[Records from a data source]

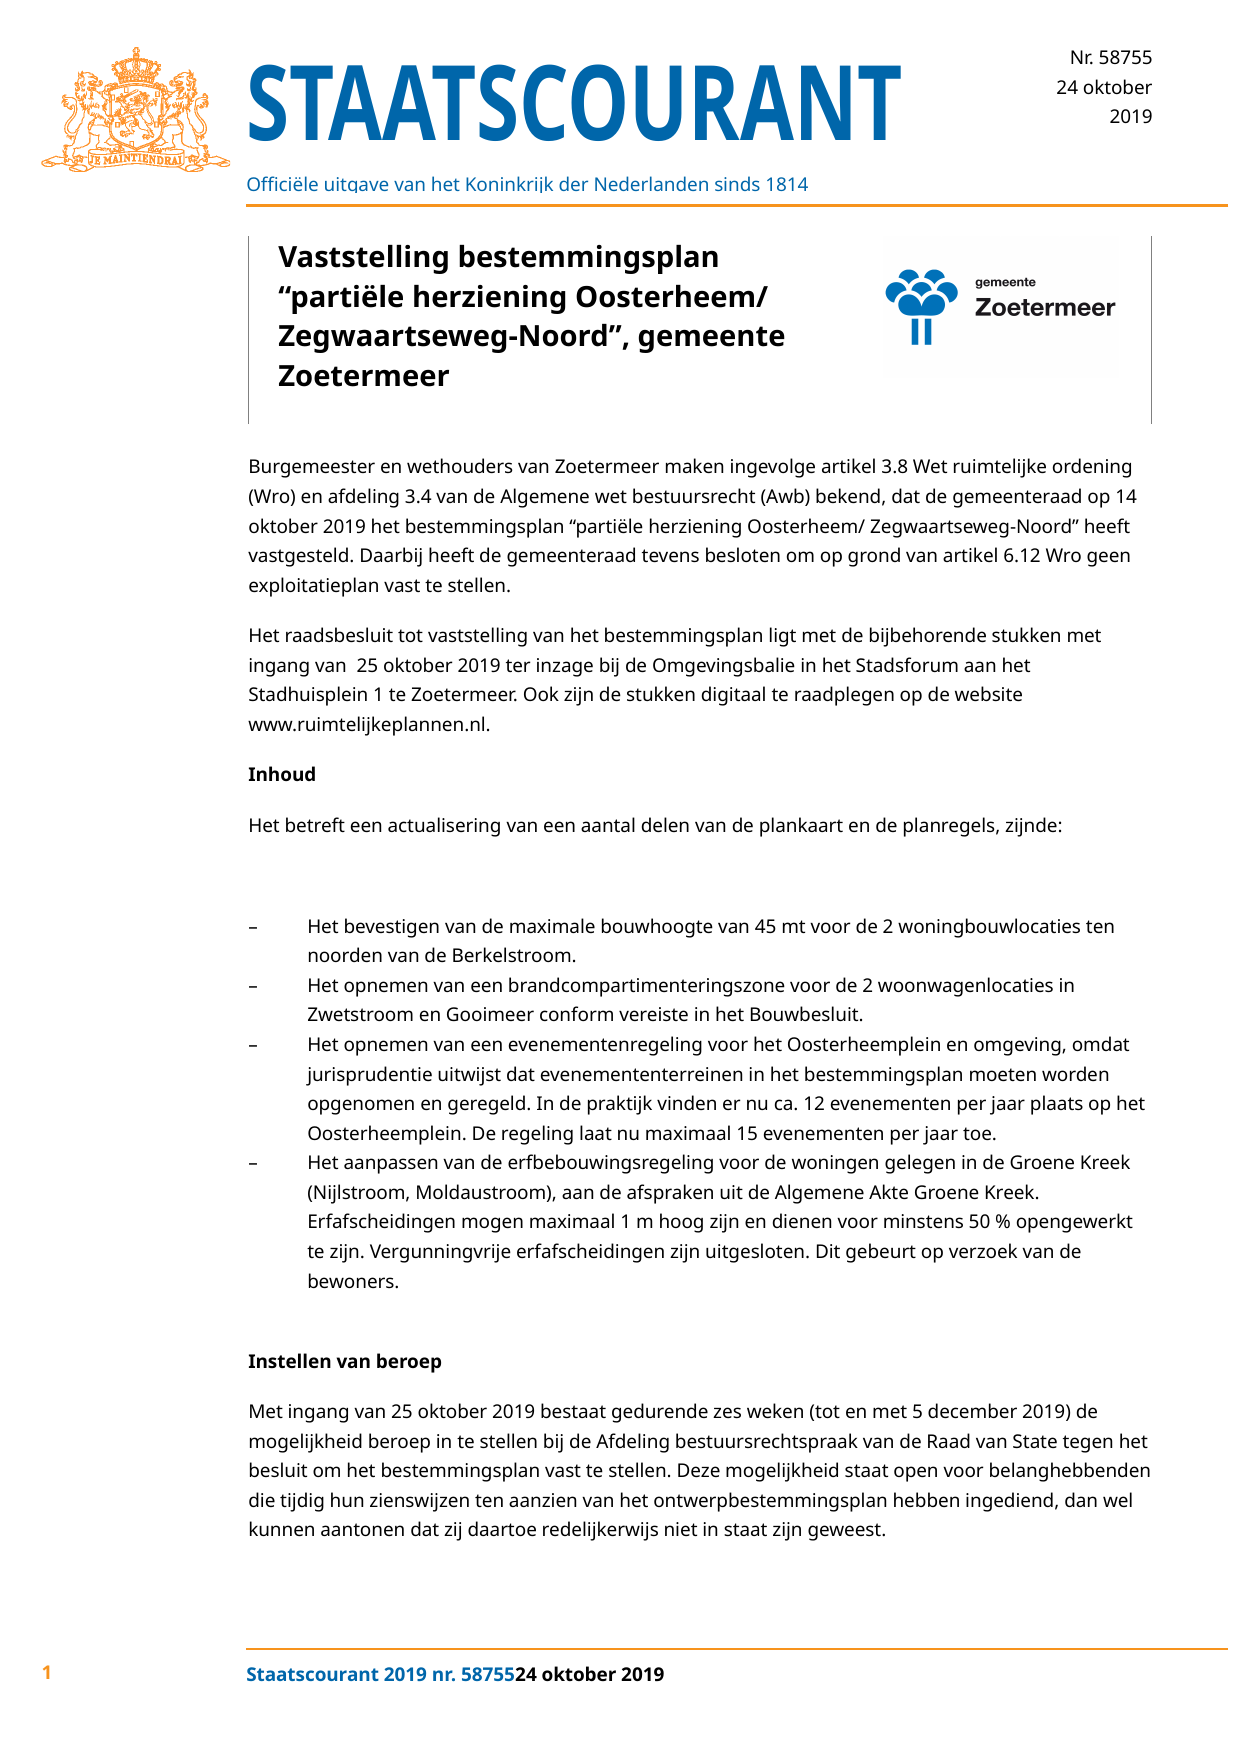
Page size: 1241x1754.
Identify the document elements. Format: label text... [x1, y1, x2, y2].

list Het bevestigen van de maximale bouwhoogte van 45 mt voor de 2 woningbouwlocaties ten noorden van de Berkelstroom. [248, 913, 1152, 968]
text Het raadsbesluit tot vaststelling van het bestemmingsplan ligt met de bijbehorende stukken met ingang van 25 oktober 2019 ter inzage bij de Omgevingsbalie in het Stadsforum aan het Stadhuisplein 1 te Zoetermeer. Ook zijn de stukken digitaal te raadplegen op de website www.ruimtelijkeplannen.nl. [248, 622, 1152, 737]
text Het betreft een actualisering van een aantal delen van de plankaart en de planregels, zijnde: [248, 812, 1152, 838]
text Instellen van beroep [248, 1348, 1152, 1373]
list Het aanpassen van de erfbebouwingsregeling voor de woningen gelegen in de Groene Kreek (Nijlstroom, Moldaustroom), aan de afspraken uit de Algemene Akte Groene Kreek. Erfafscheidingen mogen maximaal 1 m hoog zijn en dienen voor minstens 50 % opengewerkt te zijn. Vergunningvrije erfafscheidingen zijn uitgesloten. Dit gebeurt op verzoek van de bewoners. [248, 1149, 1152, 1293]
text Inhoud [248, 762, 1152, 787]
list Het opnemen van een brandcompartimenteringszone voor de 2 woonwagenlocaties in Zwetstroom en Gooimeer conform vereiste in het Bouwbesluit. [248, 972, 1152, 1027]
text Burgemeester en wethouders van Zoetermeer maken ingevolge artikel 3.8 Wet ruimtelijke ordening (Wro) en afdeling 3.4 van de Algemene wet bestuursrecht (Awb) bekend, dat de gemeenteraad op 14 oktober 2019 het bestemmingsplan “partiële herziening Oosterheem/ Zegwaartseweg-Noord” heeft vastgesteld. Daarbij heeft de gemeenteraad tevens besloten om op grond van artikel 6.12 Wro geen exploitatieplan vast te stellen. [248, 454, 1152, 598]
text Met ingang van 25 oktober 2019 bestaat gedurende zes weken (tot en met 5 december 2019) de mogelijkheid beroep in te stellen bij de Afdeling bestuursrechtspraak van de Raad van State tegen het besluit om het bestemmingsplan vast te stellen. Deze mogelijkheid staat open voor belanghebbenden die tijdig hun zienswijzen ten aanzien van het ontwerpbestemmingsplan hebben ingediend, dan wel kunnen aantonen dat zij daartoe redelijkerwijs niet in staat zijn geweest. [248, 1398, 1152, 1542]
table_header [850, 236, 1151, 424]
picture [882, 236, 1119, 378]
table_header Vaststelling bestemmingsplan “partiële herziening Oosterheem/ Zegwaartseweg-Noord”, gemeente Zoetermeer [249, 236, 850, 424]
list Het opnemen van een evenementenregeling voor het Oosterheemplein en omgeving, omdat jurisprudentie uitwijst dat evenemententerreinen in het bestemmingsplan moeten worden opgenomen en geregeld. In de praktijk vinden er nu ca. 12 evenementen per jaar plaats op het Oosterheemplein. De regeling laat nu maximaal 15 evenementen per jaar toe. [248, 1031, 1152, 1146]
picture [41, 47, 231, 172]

• [What the exercise asks]
Write down again, exactly as given, only the lines above that fall from the line with "text Het betreft" to the line with "list Het aanpassen", inclusive.

• [Answer to this problem]
text Het betreft een actualisering van een aantal delen van de plankaart en de planregels, zijnde: [248, 812, 1152, 838]
text Instellen van beroep [248, 1348, 1152, 1373]
list Het aanpassen van de erfbebouwingsregeling voor de woningen gelegen in de Groene Kreek (Nijlstroom, Moldaustroom), aan de afspraken uit de Algemene Akte Groene Kreek. Erfafscheidingen mogen maximaal 1 m hoog zijn en dienen voor minstens 50 % opengewerkt te zijn. Vergunningvrije erfafscheidingen zijn uitgesloten. Dit gebeurt op verzoek van de bewoners. [248, 1149, 1152, 1293]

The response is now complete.